WHAT THE TASK ASKS
The result should be an exact copy of the lines from the one with "table_cell data [557, 443, 976, 484]" through the last line of the data below, both included.

[Dataset records]
# # # # #

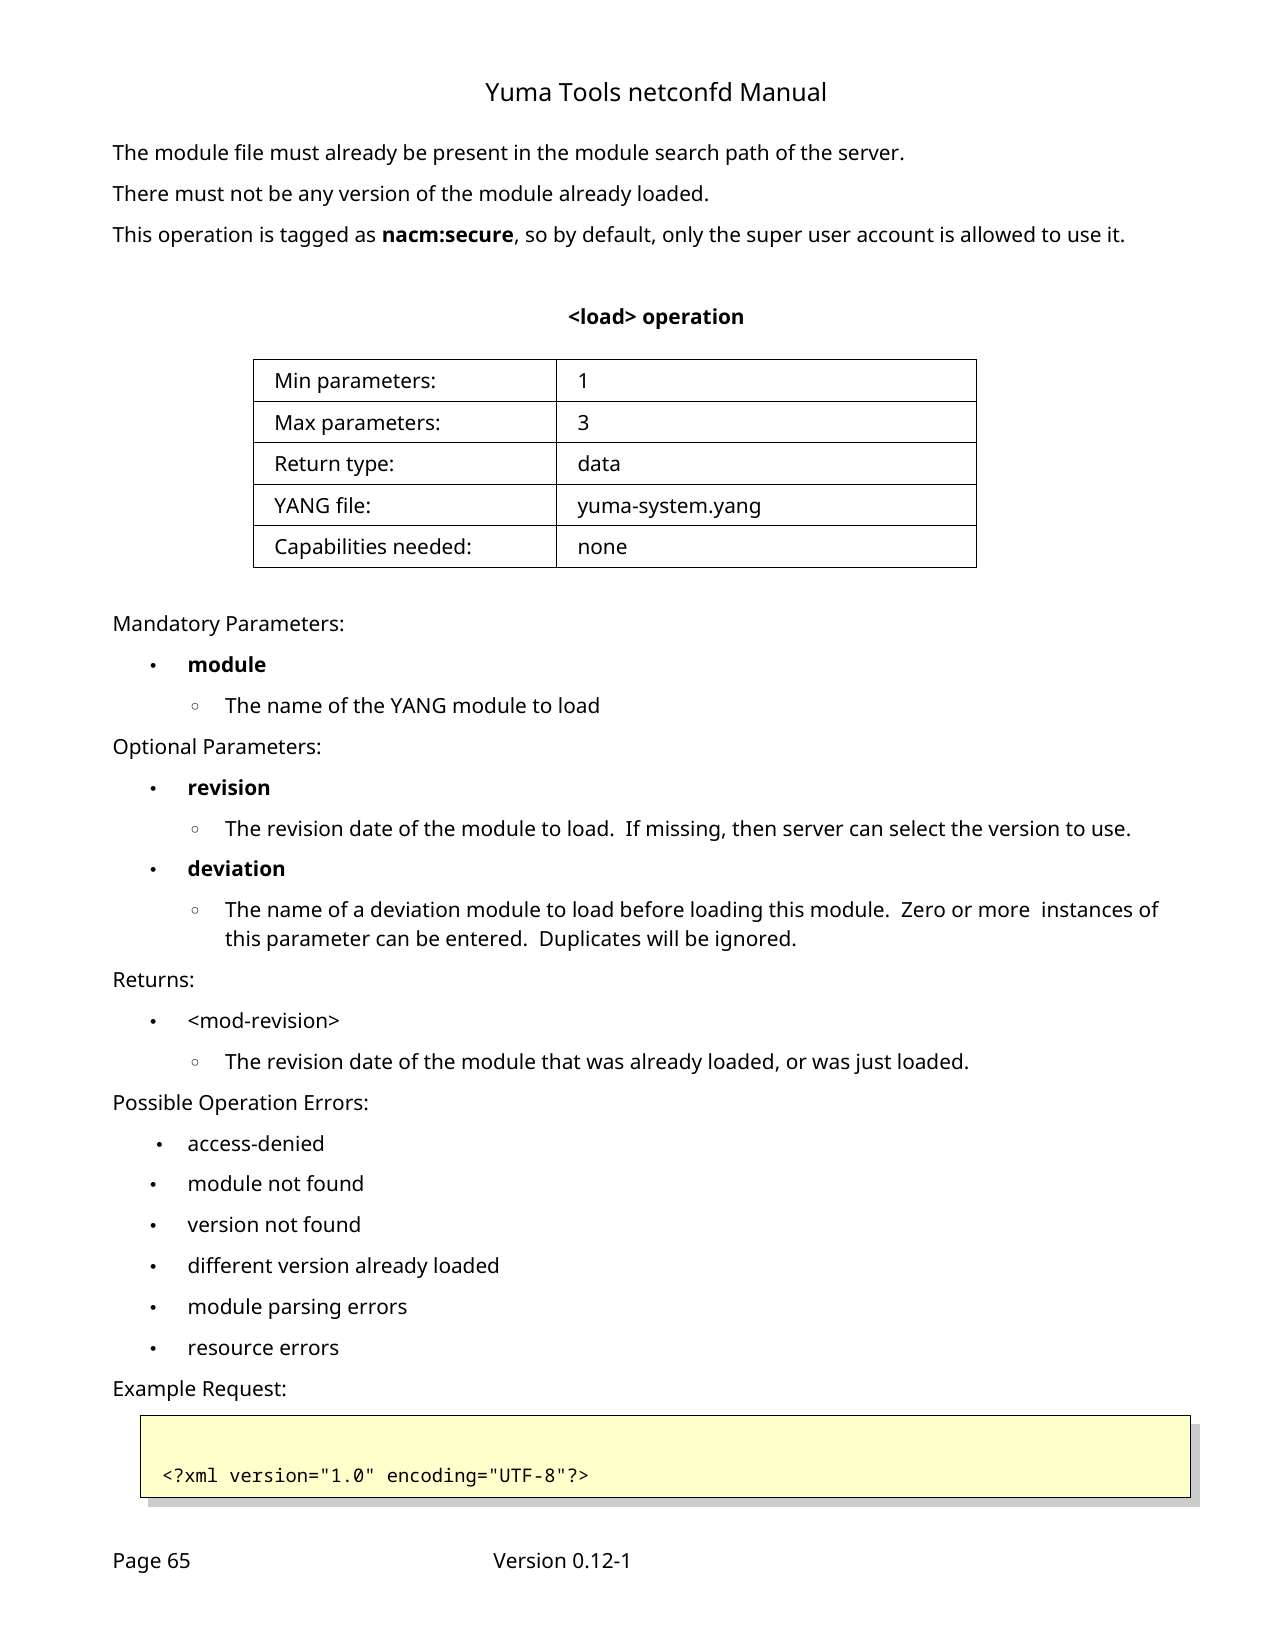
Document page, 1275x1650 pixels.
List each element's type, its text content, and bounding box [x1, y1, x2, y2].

text Example Request: [112, 1374, 1200, 1403]
table_cell Capabilities needed: [254, 526, 556, 567]
table_header Min parameters: [254, 360, 556, 401]
list The revision date of the module that was already loaded, or was just loaded. [187, 1047, 1200, 1075]
subtitle <load> operation [127, 302, 1185, 331]
table_cell none [557, 526, 976, 567]
table_cell yuma-system.yang [557, 485, 976, 525]
list The revision date of the module to load. If missing, then server can select the version to use. [187, 814, 1200, 842]
text This operation is tagged as nacm:secure, so by default, only the super user account is allowed to use it. [112, 220, 1200, 249]
list The name of the YANG module to load [187, 691, 1200, 719]
text Returns: [112, 965, 1200, 993]
list deviation [150, 854, 1200, 883]
text There must not be any version of the module already loaded. [112, 179, 1200, 208]
text Mandatory Parameters: [112, 609, 1200, 637]
list module [150, 650, 1200, 678]
list module parsing errors [150, 1292, 1200, 1321]
list version not found [150, 1211, 1200, 1239]
text <?xml version="1.0" encoding="UTF-8"?> [141, 1453, 1190, 1497]
table_cell Return type: [254, 443, 556, 484]
list The name of a deviation module to load before loading this module. Zero or more instances of this parameter can be entered. Duplicates will be ignored. [187, 896, 1200, 952]
table_cell Max parameters: [254, 402, 556, 442]
list module not found [150, 1169, 1200, 1198]
text The module file must already be present in the module search path of the server. [112, 138, 1200, 167]
table_cell data [557, 443, 976, 484]
table_header 1 [557, 360, 976, 401]
list <mod-revision> [150, 1006, 1200, 1034]
table_cell 3 [557, 402, 976, 442]
list access-denied [156, 1129, 1200, 1157]
text Optional Parameters: [112, 732, 1200, 760]
table_cell YANG file: [254, 485, 556, 525]
text Possible Operation Errors: [112, 1088, 1200, 1116]
list resource errors [150, 1333, 1200, 1362]
list different version already loaded [150, 1251, 1200, 1280]
list revision [150, 773, 1200, 801]

# # # # #

TASK SOLUTION
table_cell data [557, 443, 976, 484]
table_header 1 [557, 360, 976, 401]
list <mod-revision> [150, 1006, 1200, 1034]
table_cell 3 [557, 402, 976, 442]
list access-denied [156, 1129, 1200, 1157]
text Optional Parameters: [112, 732, 1200, 760]
table_cell YANG file: [254, 485, 556, 525]
text Possible Operation Errors: [112, 1088, 1200, 1116]
list resource errors [150, 1333, 1200, 1362]
list different version already loaded [150, 1251, 1200, 1280]
list revision [150, 773, 1200, 801]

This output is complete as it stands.